== Segment start ==

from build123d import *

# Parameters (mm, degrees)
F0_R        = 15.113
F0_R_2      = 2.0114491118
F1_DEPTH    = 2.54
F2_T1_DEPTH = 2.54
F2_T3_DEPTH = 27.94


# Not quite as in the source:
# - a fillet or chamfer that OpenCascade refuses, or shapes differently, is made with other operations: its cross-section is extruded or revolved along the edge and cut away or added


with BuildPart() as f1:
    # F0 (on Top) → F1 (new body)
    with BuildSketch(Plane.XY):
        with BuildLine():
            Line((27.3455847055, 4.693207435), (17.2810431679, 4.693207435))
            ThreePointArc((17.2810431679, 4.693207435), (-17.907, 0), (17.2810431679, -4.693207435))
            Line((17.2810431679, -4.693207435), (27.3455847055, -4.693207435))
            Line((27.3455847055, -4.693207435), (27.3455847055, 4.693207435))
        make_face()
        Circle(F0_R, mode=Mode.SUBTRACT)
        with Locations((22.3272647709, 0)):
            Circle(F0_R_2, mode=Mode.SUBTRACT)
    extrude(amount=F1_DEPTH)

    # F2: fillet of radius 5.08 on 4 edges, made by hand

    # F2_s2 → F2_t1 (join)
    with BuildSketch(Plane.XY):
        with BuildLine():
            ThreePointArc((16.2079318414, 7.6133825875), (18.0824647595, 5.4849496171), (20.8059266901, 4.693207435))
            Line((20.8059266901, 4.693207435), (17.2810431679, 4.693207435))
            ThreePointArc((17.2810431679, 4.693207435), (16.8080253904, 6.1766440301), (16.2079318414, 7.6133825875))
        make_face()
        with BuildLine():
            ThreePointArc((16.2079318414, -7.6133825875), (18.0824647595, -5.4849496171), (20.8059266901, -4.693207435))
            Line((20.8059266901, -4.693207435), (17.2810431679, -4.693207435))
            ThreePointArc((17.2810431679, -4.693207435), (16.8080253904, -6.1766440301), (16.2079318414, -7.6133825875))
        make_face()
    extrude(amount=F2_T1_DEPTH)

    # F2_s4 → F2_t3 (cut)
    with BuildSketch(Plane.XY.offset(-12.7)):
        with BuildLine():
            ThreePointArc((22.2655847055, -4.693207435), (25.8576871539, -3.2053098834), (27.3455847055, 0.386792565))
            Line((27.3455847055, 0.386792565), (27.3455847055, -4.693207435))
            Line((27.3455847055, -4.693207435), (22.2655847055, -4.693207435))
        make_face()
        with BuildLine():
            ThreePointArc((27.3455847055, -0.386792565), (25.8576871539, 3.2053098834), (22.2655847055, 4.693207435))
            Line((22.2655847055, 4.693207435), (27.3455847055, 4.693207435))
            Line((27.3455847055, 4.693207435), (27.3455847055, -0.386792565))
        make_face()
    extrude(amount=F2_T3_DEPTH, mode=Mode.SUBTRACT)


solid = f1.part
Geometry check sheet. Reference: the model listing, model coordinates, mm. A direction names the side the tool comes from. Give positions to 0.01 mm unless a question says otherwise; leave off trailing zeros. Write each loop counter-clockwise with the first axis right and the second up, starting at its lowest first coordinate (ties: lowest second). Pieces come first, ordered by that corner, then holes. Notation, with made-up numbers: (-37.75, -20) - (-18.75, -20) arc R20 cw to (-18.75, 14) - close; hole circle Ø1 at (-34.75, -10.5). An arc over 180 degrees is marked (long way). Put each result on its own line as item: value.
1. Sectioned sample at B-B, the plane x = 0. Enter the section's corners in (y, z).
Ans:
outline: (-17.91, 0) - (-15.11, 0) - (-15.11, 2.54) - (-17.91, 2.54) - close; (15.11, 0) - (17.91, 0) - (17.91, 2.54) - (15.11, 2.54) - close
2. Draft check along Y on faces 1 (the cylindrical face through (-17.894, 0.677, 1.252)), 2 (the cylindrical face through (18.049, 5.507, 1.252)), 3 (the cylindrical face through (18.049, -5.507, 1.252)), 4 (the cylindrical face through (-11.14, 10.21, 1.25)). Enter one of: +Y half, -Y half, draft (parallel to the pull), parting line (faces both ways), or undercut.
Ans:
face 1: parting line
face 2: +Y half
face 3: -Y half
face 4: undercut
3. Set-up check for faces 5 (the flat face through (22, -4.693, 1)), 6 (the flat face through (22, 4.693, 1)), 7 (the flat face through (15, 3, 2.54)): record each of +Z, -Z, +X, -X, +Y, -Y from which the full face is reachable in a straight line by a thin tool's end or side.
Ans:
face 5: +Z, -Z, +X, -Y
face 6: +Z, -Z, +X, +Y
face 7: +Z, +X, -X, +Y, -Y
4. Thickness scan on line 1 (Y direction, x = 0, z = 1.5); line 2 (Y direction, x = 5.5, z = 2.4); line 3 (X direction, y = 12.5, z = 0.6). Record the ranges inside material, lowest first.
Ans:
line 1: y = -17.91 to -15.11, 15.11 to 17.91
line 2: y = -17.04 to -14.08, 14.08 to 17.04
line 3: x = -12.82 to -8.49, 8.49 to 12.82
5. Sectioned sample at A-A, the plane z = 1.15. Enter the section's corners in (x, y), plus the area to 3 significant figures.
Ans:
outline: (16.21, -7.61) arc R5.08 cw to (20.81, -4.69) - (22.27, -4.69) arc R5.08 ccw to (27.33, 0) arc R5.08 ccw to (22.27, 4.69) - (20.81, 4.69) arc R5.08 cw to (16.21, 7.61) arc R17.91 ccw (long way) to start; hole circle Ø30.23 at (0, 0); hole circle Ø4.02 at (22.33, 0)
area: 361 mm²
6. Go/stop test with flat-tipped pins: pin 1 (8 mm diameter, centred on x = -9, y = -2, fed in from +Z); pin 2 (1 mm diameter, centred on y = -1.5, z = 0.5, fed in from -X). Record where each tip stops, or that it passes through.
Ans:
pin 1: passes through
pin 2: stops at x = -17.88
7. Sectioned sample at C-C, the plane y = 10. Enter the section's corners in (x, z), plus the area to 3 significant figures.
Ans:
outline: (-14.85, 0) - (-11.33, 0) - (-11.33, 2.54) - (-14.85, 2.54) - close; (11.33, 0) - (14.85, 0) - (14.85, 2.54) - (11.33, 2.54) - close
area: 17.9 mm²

== Segment end ==

EXERCISE DIRECTIONS:
Repeat each of the entries above precisely as given.

ANSWER TO THE PROBLEM:
from build123d import *

# Parameters (mm, degrees)
F0_R        = 15.113
F0_R_2      = 2.0114491118
F1_DEPTH    = 2.54
F2_T1_DEPTH = 2.54
F2_T3_DEPTH = 27.94


# Not quite as in the source:
# - a fillet or chamfer that OpenCascade refuses, or shapes differently, is made with other operations: its cross-section is extruded or revolved along the edge and cut away or added


with BuildPart() as f1:
    # F0 (on Top) → F1 (new body)
    with BuildSketch(Plane.XY):
        with BuildLine():
            Line((27.3455847055, 4.693207435), (17.2810431679, 4.693207435))
            ThreePointArc((17.2810431679, 4.693207435), (-17.907, 0), (17.2810431679, -4.693207435))
            Line((17.2810431679, -4.693207435), (27.3455847055, -4.693207435))
            Line((27.3455847055, -4.693207435), (27.3455847055, 4.693207435))
        make_face()
        Circle(F0_R, mode=Mode.SUBTRACT)
        with Locations((22.3272647709, 0)):
            Circle(F0_R_2, mode=Mode.SUBTRACT)
    extrude(amount=F1_DEPTH)

    # F2: fillet of radius 5.08 on 4 edges, made by hand

    # F2_s2 → F2_t1 (join)
    with BuildSketch(Plane.XY):
        with BuildLine():
            ThreePointArc((16.2079318414, 7.6133825875), (18.0824647595, 5.4849496171), (20.8059266901, 4.693207435))
            Line((20.8059266901, 4.693207435), (17.2810431679, 4.693207435))
            ThreePointArc((17.2810431679, 4.693207435), (16.8080253904, 6.1766440301), (16.2079318414, 7.6133825875))
        make_face()
        with BuildLine():
            ThreePointArc((16.2079318414, -7.6133825875), (18.0824647595, -5.4849496171), (20.8059266901, -4.693207435))
            Line((20.8059266901, -4.693207435), (17.2810431679, -4.693207435))
            ThreePointArc((17.2810431679, -4.693207435), (16.8080253904, -6.1766440301), (16.2079318414, -7.6133825875))
        make_face()
    extrude(amount=F2_T1_DEPTH)

    # F2_s4 → F2_t3 (cut)
    with BuildSketch(Plane.XY.offset(-12.7)):
        with BuildLine():
            ThreePointArc((22.2655847055, -4.693207435), (25.8576871539, -3.2053098834), (27.3455847055, 0.386792565))
            Line((27.3455847055, 0.386792565), (27.3455847055, -4.693207435))
            Line((27.3455847055, -4.693207435), (22.2655847055, -4.693207435))
        make_face()
        with BuildLine():
            ThreePointArc((27.3455847055, -0.386792565), (25.8576871539, 3.2053098834), (22.2655847055, 4.693207435))
            Line((22.2655847055, 4.693207435), (27.3455847055, 4.693207435))
            Line((27.3455847055, 4.693207435), (27.3455847055, -0.386792565))
        make_face()
    extrude(amount=F2_T3_DEPTH, mode=Mode.SUBTRACT)


solid = f1.part
Geometry check sheet. Reference: the model listing, model coordinates, mm. A direction names the side the tool comes from. Give positions to 0.01 mm unless a question says otherwise; leave off trailing zeros. Write each loop counter-clockwise with the first axis right and the second up, starting at its lowest first coordinate (ties: lowest second). Pieces come first, ordered by that corner, then holes. Notation, with made-up numbers: (-37.75, -20) - (-18.75, -20) arc R20 cw to (-18.75, 14) - close; hole circle Ø1 at (-34.75, -10.5). An arc over 180 degrees is marked (long way). Put each result on its own line as item: value.
1. Sectioned sample at B-B, the plane x = 0. Enter the section's corners in (y, z).
Ans:
outline: (-17.91, 0) - (-15.11, 0) - (-15.11, 2.54) - (-17.91, 2.54) - close; (15.11, 0) - (17.91, 0) - (17.91, 2.54) - (15.11, 2.54) - close
2. Draft check along Y on faces 1 (the cylindrical face through (-17.894, 0.677, 1.252)), 2 (the cylindrical face through (18.049, 5.507, 1.252)), 3 (the cylindrical face through (18.049, -5.507, 1.252)), 4 (the cylindrical face through (-11.14, 10.21, 1.25)). Enter one of: +Y half, -Y half, draft (parallel to the pull), parting line (faces both ways), or undercut.
Ans:
face 1: parting line
face 2: +Y half
face 3: -Y half
face 4: undercut
3. Set-up check for faces 5 (the flat face through (22, -4.693, 1)), 6 (the flat face through (22, 4.693, 1)), 7 (the flat face through (15, 3, 2.54)): record each of +Z, -Z, +X, -X, +Y, -Y from which the full face is reachable in a straight line by a thin tool's end or side.
Ans:
face 5: +Z, -Z, +X, -Y
face 6: +Z, -Z, +X, +Y
face 7: +Z, +X, -X, +Y, -Y
4. Thickness scan on line 1 (Y direction, x = 0, z = 1.5); line 2 (Y direction, x = 5.5, z = 2.4); line 3 (X direction, y = 12.5, z = 0.6). Record the ranges inside material, lowest first.
Ans:
line 1: y = -17.91 to -15.11, 15.11 to 17.91
line 2: y = -17.04 to -14.08, 14.08 to 17.04
line 3: x = -12.82 to -8.49, 8.49 to 12.82
5. Sectioned sample at A-A, the plane z = 1.15. Enter the section's corners in (x, y), plus the area to 3 significant figures.
Ans:
outline: (16.21, -7.61) arc R5.08 cw to (20.81, -4.69) - (22.27, -4.69) arc R5.08 ccw to (27.33, 0) arc R5.08 ccw to (22.27, 4.69) - (20.81, 4.69) arc R5.08 cw to (16.21, 7.61) arc R17.91 ccw (long way) to start; hole circle Ø30.23 at (0, 0); hole circle Ø4.02 at (22.33, 0)
area: 361 mm²
6. Go/stop test with flat-tipped pins: pin 1 (8 mm diameter, centred on x = -9, y = -2, fed in from +Z); pin 2 (1 mm diameter, centred on y = -1.5, z = 0.5, fed in from -X). Record where each tip stops, or that it passes through.
Ans:
pin 1: passes through
pin 2: stops at x = -17.88
7. Sectioned sample at C-C, the plane y = 10. Enter the section's corners in (x, z), plus the area to 3 significant figures.
Ans:
outline: (-14.85, 0) - (-11.33, 0) - (-11.33, 2.54) - (-14.85, 2.54) - close; (11.33, 0) - (14.85, 0) - (14.85, 2.54) - (11.33, 2.54) - close
area: 17.9 mm²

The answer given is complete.